I know that I can trust any Microsoft-written kernel code because they are experts. They also make mistakes but it never has anything even remotely close to this disaster. And this is because Microsoft has very strict procedures and tens of years of experience and as a result, they can catch problems at early stages.

Moreover, many products install a kernel-mode driver. For example, network drivers, video card drivers, and some antiviruses. But I never heard that somebody failed so badly that they bricked 8 million computers.

And I cannot say that Crowdstrike was all good and just made a single mistake. I regularly deal with strange behavior and crashes of our application and I seen Crowdstrike quite often. To be honest, I had the impression that it was written by unprofessional people. I had no idea that it was so popular with Fortune 500 companies. But to be honest, dealing with the security solutions of many top companies left a very unprofessional expression.

I feel that this Crowdstrike was just about hype and money. For example, I watched a video about the company that was created by a so-called “security expert” and he decided to target a hacker group called Anonymous.

They hacked him because he used a single password in some online game, for his business email account, and for many other accounts. And many government agencies trusted him with security protection even though this is a basic first rule of any security: never reuse business passwords. So the more I read about this issue there more it looks like this company.

In conclusion, it is clear that having a single security company is quite bad because it became a single point of failure.
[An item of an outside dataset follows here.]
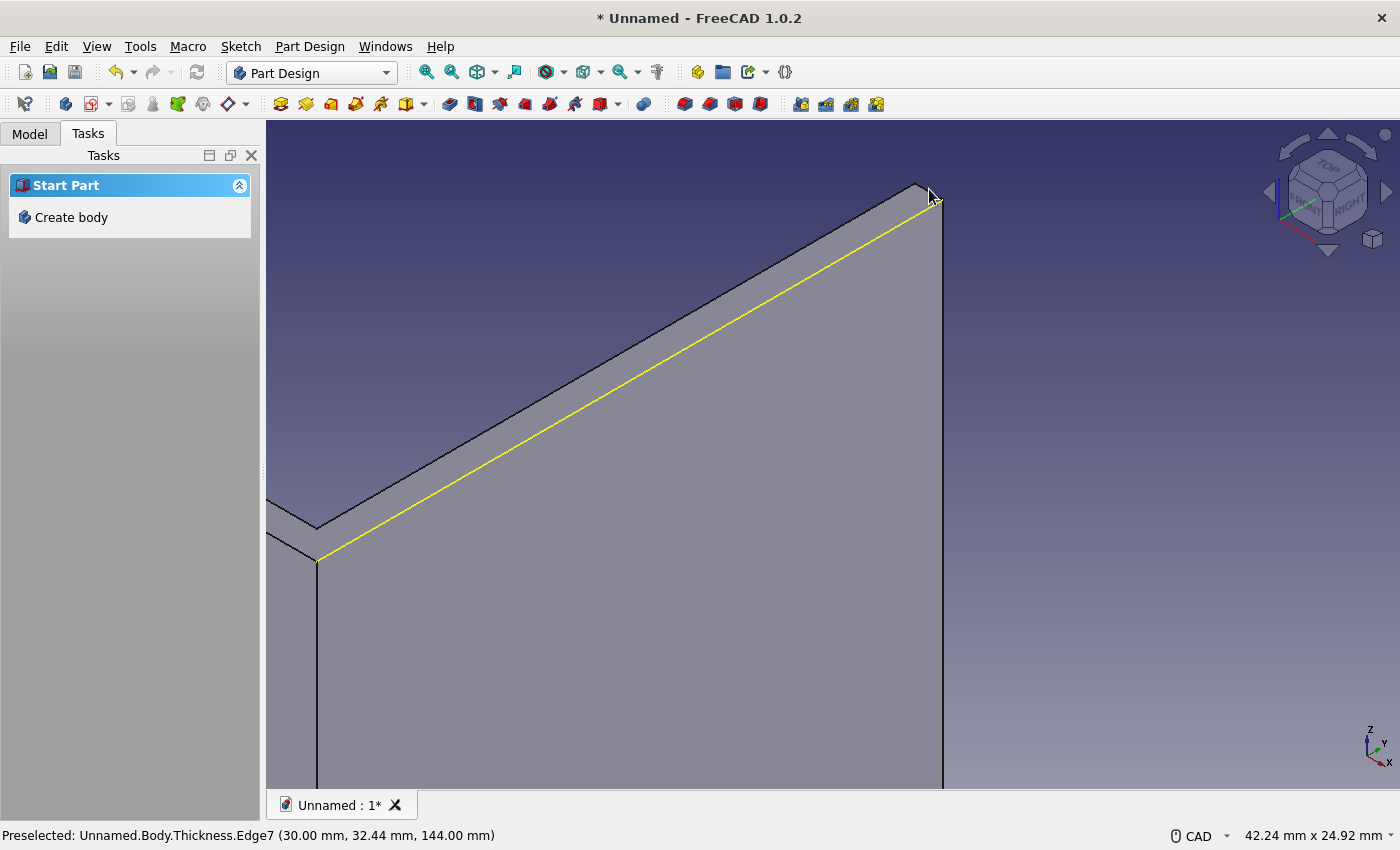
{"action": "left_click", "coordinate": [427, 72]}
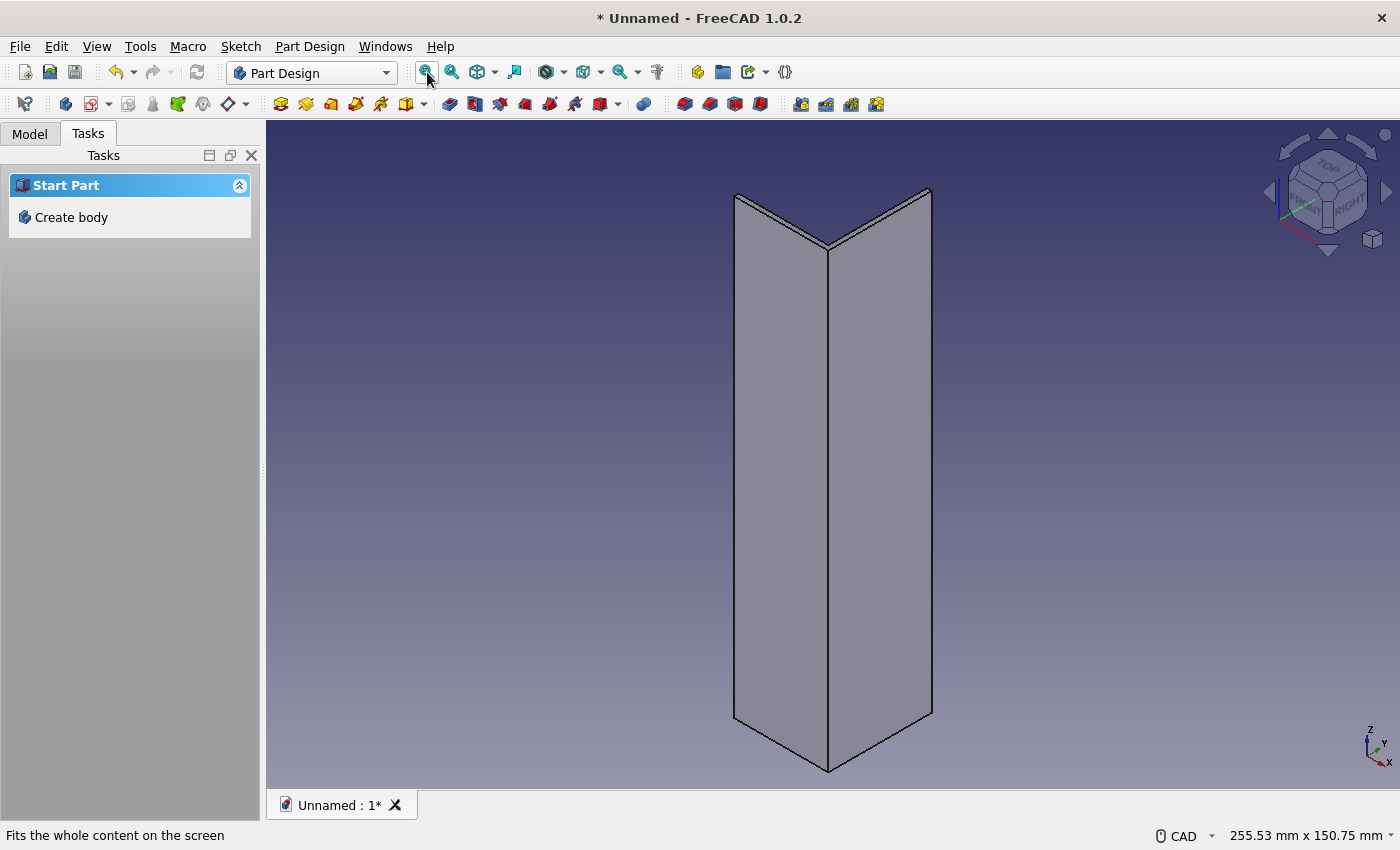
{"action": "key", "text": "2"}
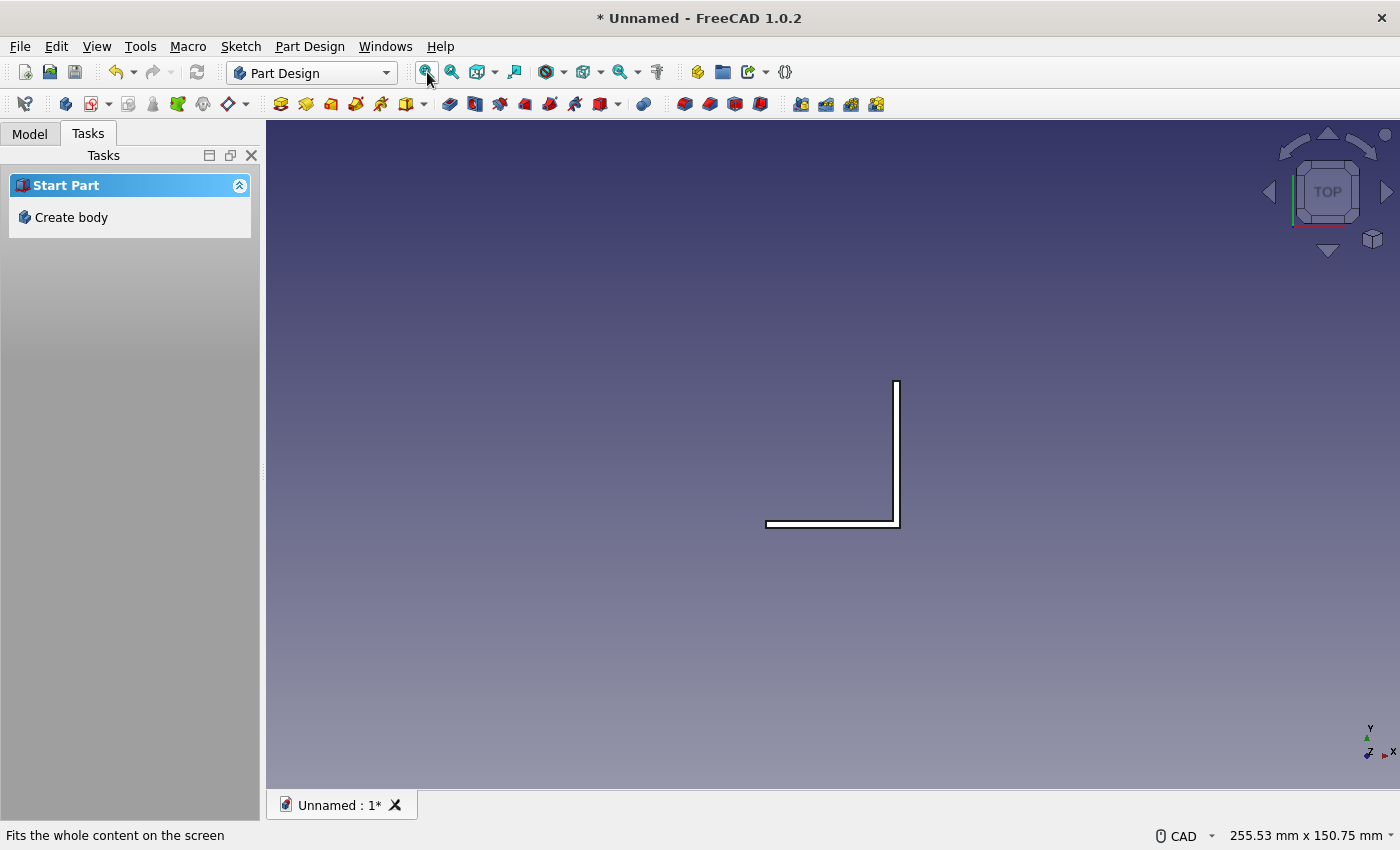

Keep in mind that this issue affected only a small percentage of computers with Crowdstrike and it is very easy to restore each computer. It is just a lot of computers. But I’m pretty sure everything will be fine within one week or so.

But imagine what would happen if this would be an intentional attack that leaks and destroys data. It will be a true world disaster. I hope people will learn something from the incident and will make the right conclusions.